By PAULO PRADA and BETSY MCKAY
March 27, 2007; Page A6

American companies that do business with countries subjected to U.S. trade sanctions face increasing financial and political pressure to stop as tensions between Iran and the United Nations Security Council worsen.

As a result, many companies are severing connections — or plan to when current contracts end — with customers in the 13 countries or regions penalized after the U.S. accused them of supporting terrorism, human-rights abuses or other unacceptable behavior.

The clamor spotlights how scores of U.S.-based companies manage to do business in sanctioned countries either through offshore subsidiaries or using export licenses granted by the Treasury Department. After seeing this traffic grow briskly for several years, companies now find lawmakers stepping up efforts to tighten restrictions and shareholders and fund managers steering investments away from countries in Washington’s doghouse.

Companies whose foreign subsidiaries operate in a sector dominated by a sanctioned nation’s government — General Electric Co., Halliburton Co. and Dresser-Rand Group Inc. among them — have faced particularly harsh criticism. Securities filings show many other U.S. corporations acknowledge their overseas units conduct such business, and the federal government last year fined at least a dozen U.S. companies for violating sanctions in Iran, Sudan, Cuba and elsewhere.

“It’s questionable and shameful, if not treacherous, behavior,” Sen. Frank Lautenberg said. As part of an Iran sanctions bill introduced in the Senate last week, the New Jersey Democrat included provisions that would ban subsidiaries of U.S.-controlled companies that lack a special export license from doing business in Iran. The new Democratic majority in Congress tilts the odds in favor of his effort, which failed as an amendment to three bills in previous sessions largely because of Republican opposition.

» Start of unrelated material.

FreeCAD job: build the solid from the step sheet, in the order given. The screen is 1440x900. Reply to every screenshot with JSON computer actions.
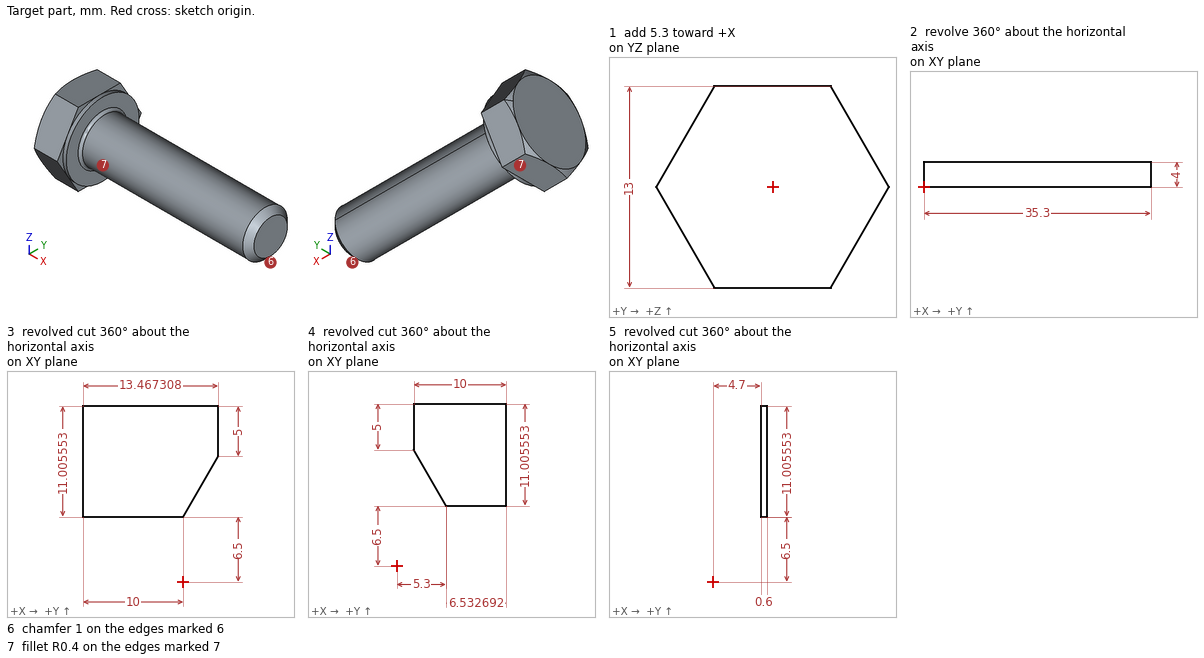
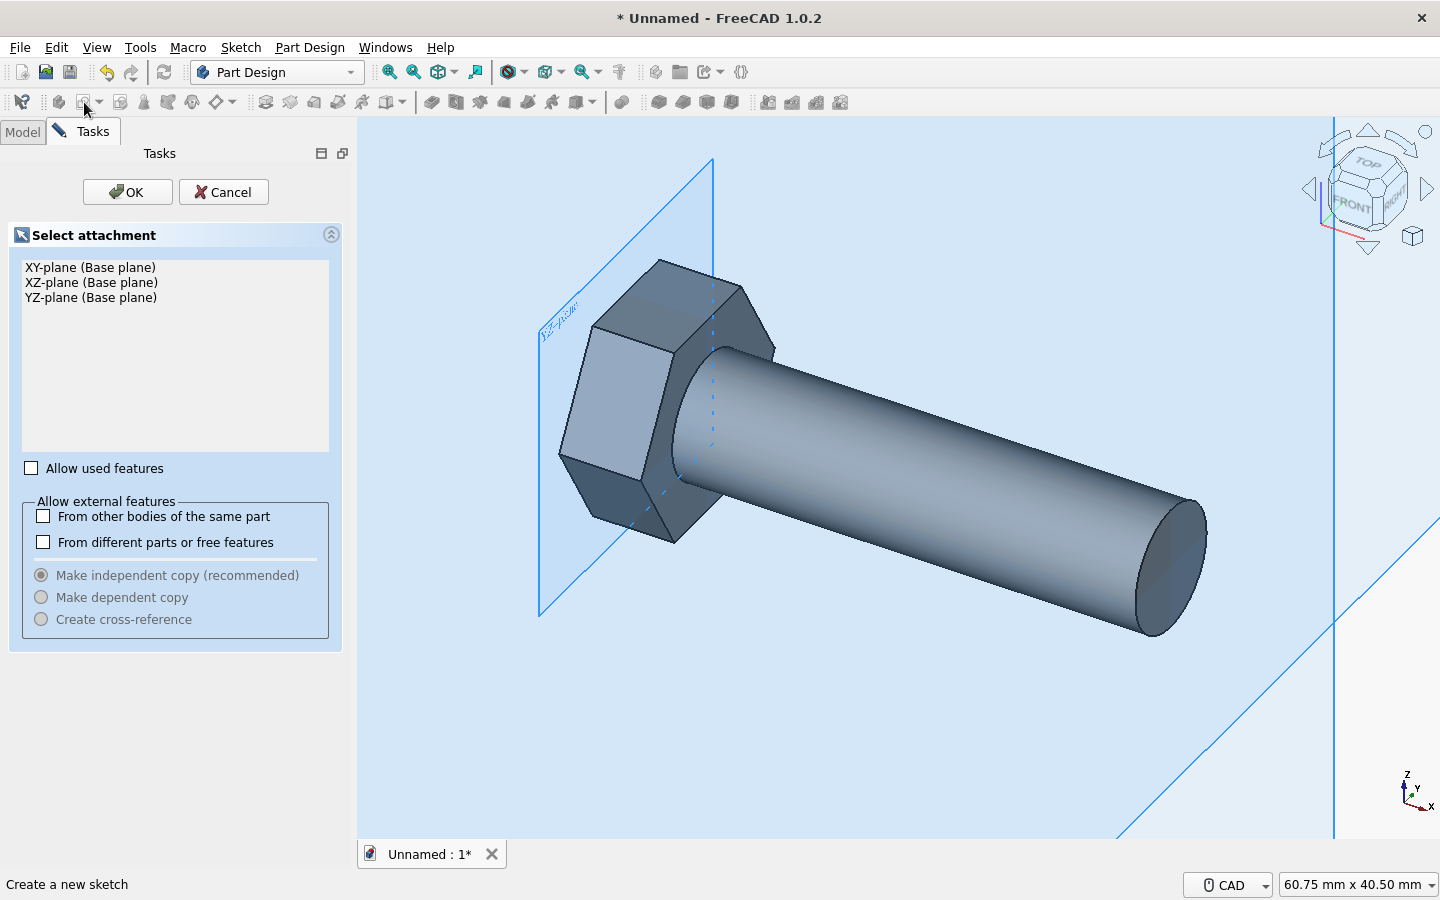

The growing scrutiny comes amid political and grass-roots pressure on U.S. investors, such as state pension funds, to dump shares of non-U.S. companies with major investments in energy businesses in Iran. Earlier this month, Republican Rep. Ileana Ros-Lehtinen of Florida introduced a bill calling for federal pension funds to sell shares of any company with more than $20 million in Iran’s energy sector. Such companies include Royal Dutch Shell PLC, based in the Netherlands; Total SA of France and Russia’s OAO Gazprom.

“We’re concerned most about…companies that have financial relationships with a government, helping to develop oil fields and profits that are then turned around to support terrorism,” said Sarah Steelman, state treasurer in Missouri, who oversees one of the country’s first “terror-free” public investment funds, the $29 million Missouri Investment Trust.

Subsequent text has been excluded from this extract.